I'll be applying the 3-line kernel patch here; do we stand any chance of getting something like this cherry picked into the Fedora kernel? It's not upstream as of 3.18:
http://lxr.free-electrons.com/source/drivers/net/xen-netfront.c#L628
I can advocate on xen-devel if needed.
-Bill
On 12/11/14 13:28, Bill McGonigle wrote:
[76819.472975] vif vif-2-0 vif2.0: txreq.offset: 8ee, size: 3858, end: 6144 [76819.473012] vif vif-2-0 vif2.0: fatal error; disabling device [76819.482474] brbfc: port 2(vif2.0) entered disabled state
Followup: a few days later, this patch hit lkml:
https://lkml.org/lkml/2014/12/14/147
The Fedora 3.17.8 kernel definitely has it (in patch-3.17.8.xz).

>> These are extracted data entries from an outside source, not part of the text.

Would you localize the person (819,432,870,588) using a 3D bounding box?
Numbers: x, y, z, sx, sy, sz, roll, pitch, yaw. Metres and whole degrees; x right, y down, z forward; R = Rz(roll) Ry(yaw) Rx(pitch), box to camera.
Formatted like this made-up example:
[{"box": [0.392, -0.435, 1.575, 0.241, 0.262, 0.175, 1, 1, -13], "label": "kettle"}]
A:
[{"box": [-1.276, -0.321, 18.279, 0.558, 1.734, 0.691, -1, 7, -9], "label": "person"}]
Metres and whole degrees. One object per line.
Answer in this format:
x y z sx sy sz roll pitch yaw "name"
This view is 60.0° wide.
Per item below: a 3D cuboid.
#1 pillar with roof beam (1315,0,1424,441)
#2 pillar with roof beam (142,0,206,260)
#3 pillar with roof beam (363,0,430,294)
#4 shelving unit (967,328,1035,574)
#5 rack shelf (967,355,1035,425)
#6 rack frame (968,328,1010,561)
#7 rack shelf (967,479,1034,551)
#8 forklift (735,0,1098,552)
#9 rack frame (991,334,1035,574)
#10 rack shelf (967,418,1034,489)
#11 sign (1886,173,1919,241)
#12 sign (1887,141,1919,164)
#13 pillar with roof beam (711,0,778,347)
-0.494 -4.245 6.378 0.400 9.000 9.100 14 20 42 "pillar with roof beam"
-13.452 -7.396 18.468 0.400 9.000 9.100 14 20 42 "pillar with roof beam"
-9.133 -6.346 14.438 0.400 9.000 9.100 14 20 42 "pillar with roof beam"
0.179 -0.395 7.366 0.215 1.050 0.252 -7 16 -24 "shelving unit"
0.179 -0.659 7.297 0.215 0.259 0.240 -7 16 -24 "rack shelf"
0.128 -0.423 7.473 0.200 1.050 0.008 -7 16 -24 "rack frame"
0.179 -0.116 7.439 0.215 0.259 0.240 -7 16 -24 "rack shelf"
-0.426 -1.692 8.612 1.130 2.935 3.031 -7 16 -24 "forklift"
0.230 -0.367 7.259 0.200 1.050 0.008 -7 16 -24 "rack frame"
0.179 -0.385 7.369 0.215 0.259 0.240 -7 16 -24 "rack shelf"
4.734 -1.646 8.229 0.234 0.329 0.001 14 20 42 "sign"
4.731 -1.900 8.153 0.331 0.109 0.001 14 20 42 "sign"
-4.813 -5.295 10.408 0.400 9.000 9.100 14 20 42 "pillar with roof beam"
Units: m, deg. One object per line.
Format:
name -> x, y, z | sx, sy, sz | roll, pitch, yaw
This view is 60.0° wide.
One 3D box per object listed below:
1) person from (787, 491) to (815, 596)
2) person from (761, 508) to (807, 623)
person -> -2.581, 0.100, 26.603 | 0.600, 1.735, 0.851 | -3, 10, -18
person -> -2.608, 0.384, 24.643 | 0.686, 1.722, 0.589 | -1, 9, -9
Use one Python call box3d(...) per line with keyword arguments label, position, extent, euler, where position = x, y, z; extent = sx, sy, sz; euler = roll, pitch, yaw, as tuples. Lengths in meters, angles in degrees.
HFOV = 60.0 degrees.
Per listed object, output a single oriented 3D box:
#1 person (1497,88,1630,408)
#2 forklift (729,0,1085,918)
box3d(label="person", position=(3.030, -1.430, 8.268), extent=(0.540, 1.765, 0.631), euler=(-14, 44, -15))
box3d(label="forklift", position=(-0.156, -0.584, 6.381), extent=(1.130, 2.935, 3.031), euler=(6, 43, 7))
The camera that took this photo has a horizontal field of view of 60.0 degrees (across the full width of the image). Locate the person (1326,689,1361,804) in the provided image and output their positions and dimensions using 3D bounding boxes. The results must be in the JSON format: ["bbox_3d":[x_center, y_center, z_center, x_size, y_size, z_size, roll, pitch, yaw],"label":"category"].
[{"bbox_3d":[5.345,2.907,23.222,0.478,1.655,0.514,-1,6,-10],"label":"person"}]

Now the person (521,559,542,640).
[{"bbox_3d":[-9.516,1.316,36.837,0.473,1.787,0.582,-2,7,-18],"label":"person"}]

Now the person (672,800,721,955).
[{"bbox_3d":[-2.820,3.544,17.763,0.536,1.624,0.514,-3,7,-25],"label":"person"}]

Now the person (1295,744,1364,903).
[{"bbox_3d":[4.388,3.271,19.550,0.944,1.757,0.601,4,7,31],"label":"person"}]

The problem is in the DomU kernel, so that's where the updates need to happen. 3.17.3 was really giving me headaches lately as a DomU - to the point that I'd have to reboot and hope I could 'xl console' and yum could download the update before the port got disabled. I don't know why the problem go so much more severe this week - the domU and dom0 kernels haven't been updated for a few weeks. I rebooted to deal with some bum memory, so something apparently is different other than the kernels.
Anyway, after updating the DomU kernel to 3.17.8 the networking has been stable so far.
-Bill